Dawn from Baby-Sitters Club of the Planet of the Apes
War has broken out between a community of genetically evolved apes living in San Francisco’s Muir Woods and the few remaining human survivors of a virus pandemic. A peaceful resolution cannot be reached because the apes have evolved to exactly match the intellectual imprint of a human male: the ego. Alternate Officer of the Baby-Sitters Club, Dawn Schafer, is parachuted in because she is originally from California, a fact that she never shuts up about. She is wearing the outfit that the other members of the Baby-Sitters Club insist on calling ‘California Casual’, even though they are definitely just regular clothes.
After she arrives, Dawn first sees if she can babysit her way to a peaceful solution. She cannot. Then, as a last resort, Malcolm (the human leader) and Caesar (the ape leader) are locked in a room with Dawn. For hours she lectures them about recycling and world peace and the importance of pesco-vegetarianism until they both agree to do whatever she wants, whatever anyone wants, please god just let them out of there. A truce is reached.
Ironing Man
It’s been six months since the events of Avengers: Age of Ultron, in which the Avengers figured out how old Ultron was or something – I don’t know, that movie was like super boring. Bereft of a world-ending catastrophe to worry about, Tony Stark is going through an existential crisis. Like most middle-aged men, he doesn’t know if being a genius billionaire philanthropist inventor superhero is enough to keep him fulfilled. He feels as empty as the explanation of how the Hulk’s pants stay on when he transforms from a thirty-inch waist to a two hundred-inch one in the space of about three seconds.
Pepper Potts is worried about Tony and about the likelihood that people are laughing at her name behind her back. One day, while trying to make Tony smile, she shows him an iron. He ha
s never seen one before and thinks it is hysterical, along with poor people in general. But when he picks up the iron, his laughter dies. It feels … right.
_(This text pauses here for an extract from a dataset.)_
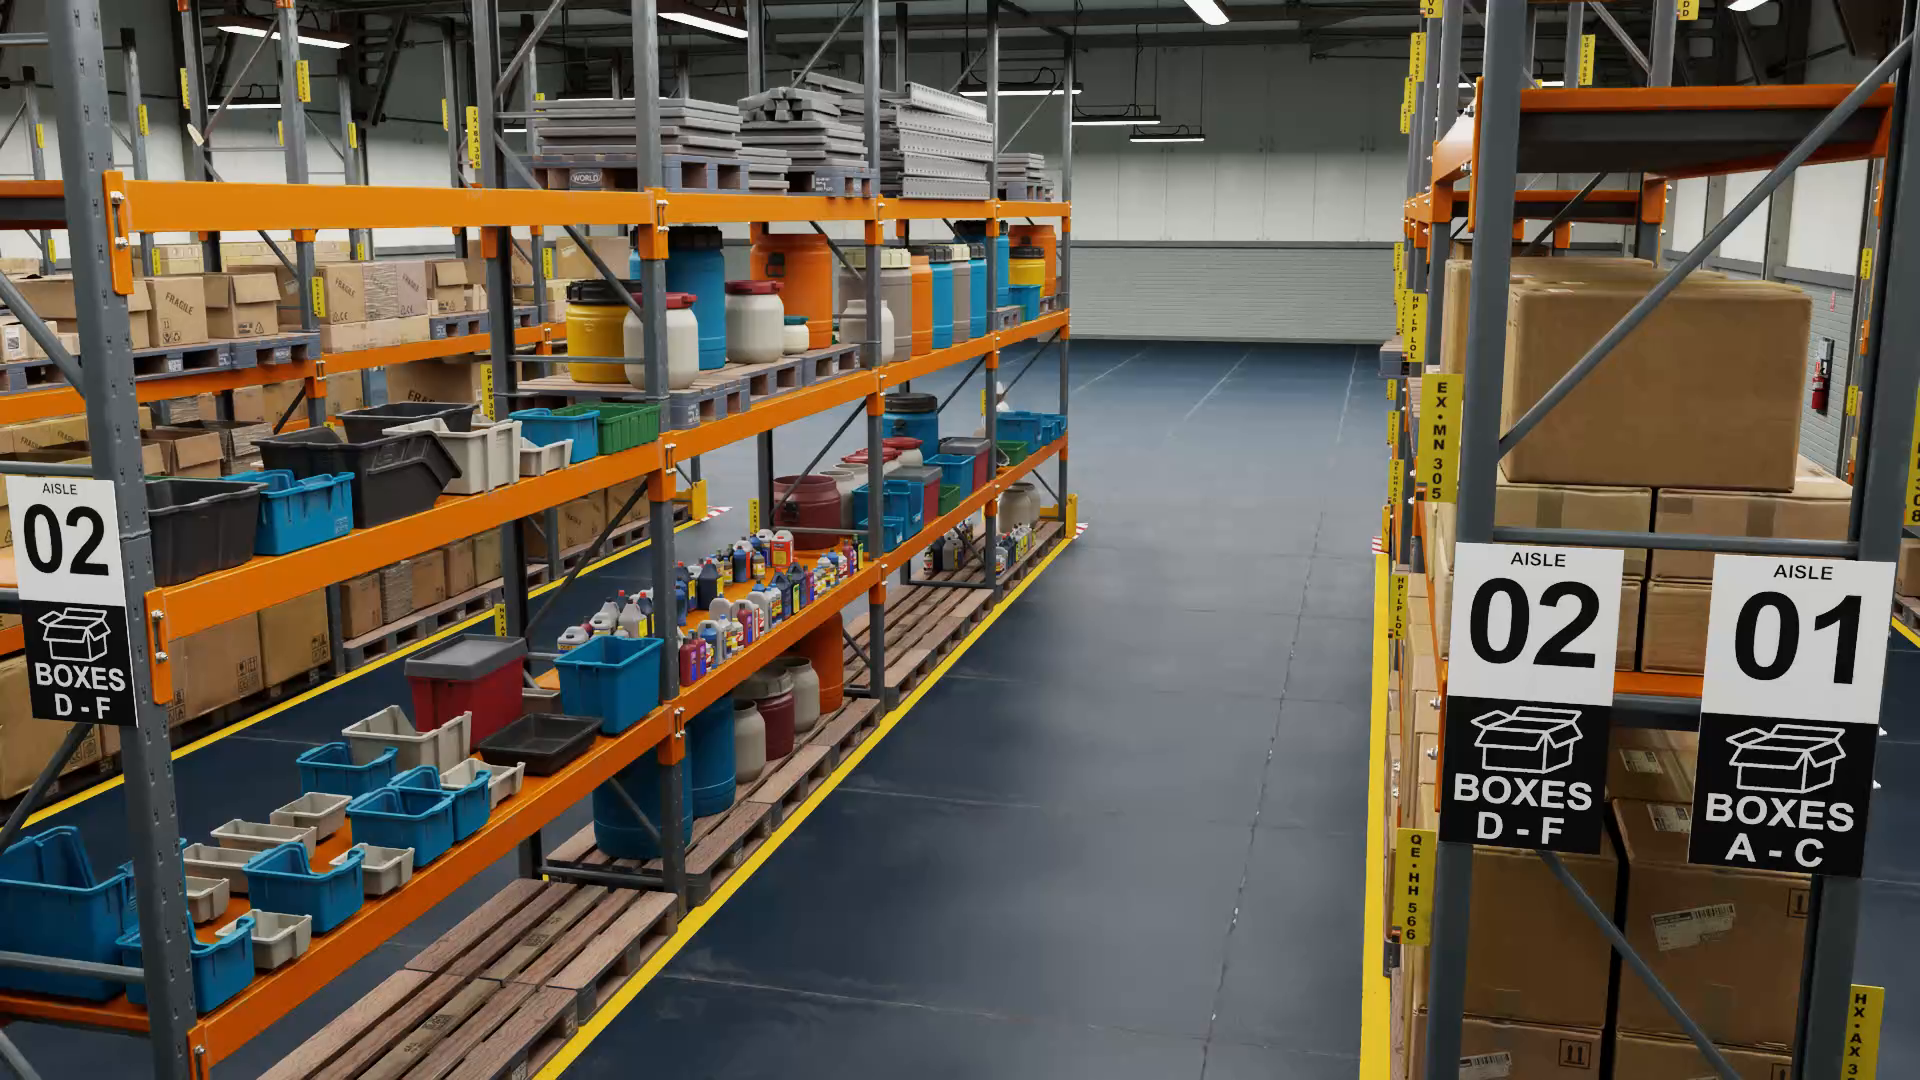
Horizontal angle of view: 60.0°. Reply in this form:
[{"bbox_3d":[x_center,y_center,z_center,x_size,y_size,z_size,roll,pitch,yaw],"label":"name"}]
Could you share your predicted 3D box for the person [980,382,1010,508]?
[{"bbox_3d":[0.373,-1.235,22.241,0.787,1.774,0.596,2,11,10],"label":"person"}]

He begins to iron every piece of clothing in their house, even Pepper Potts’ Pleated Purple Pencil Pants, a notoriously difficult item that she is also convinced people may be laughing at. But Tony is a natural, and he loves it. In fact, he refuses to call it an ‘ironing board’ because he knows he will never be ‘bored’ again. Pepper runs his company while Tony is happy to stay at home and destroy the concept of gender roles, just like he once destroyed three-quarters of Manhattan.
Boylent Green
It’s 2022, and the masses now subsist on a plankton-based product called Soylent Red. Huge babyman Detective Frank Thorn complains the loudest because he isn’t getting enough protein to build huge arms that will impress other straight men at the gym – essentially a living nightmare.
One fine day, while watching the movie One Fine Day and not crying at all, Thorn sees an ad for a new protein-heavy product called Soylent Green. Its tagline is ‘Soylent Green, ProTeen’. With both suspicion and interest piqued by this fun spelling of ‘protein’, Thorn decides to investigate, just like his hero Jessica Fletcher would have. Grabbing his best crime-solving hat and favourite Angela Lansbury mask, Thorn stows away in a garbage truck (where all men belong) on its way to the Soylent factory.
Once inside, he discovers the horrific truth: Soylent Green is made out of 100 per cent real teenage boys. Before he has time to post about it on Tumblr, Thorn is captured by the feminazis running the factory. As he is carried away to be fed into the meat grinder, he screams, ‘YOU MUST TELL EVERYONE! SOYLENT GREEN IS MADE FROM BOYS! AND IT SHOULD BE CALLED BOYLENT GREEN, WHICH IS MUCH CLEVERER!’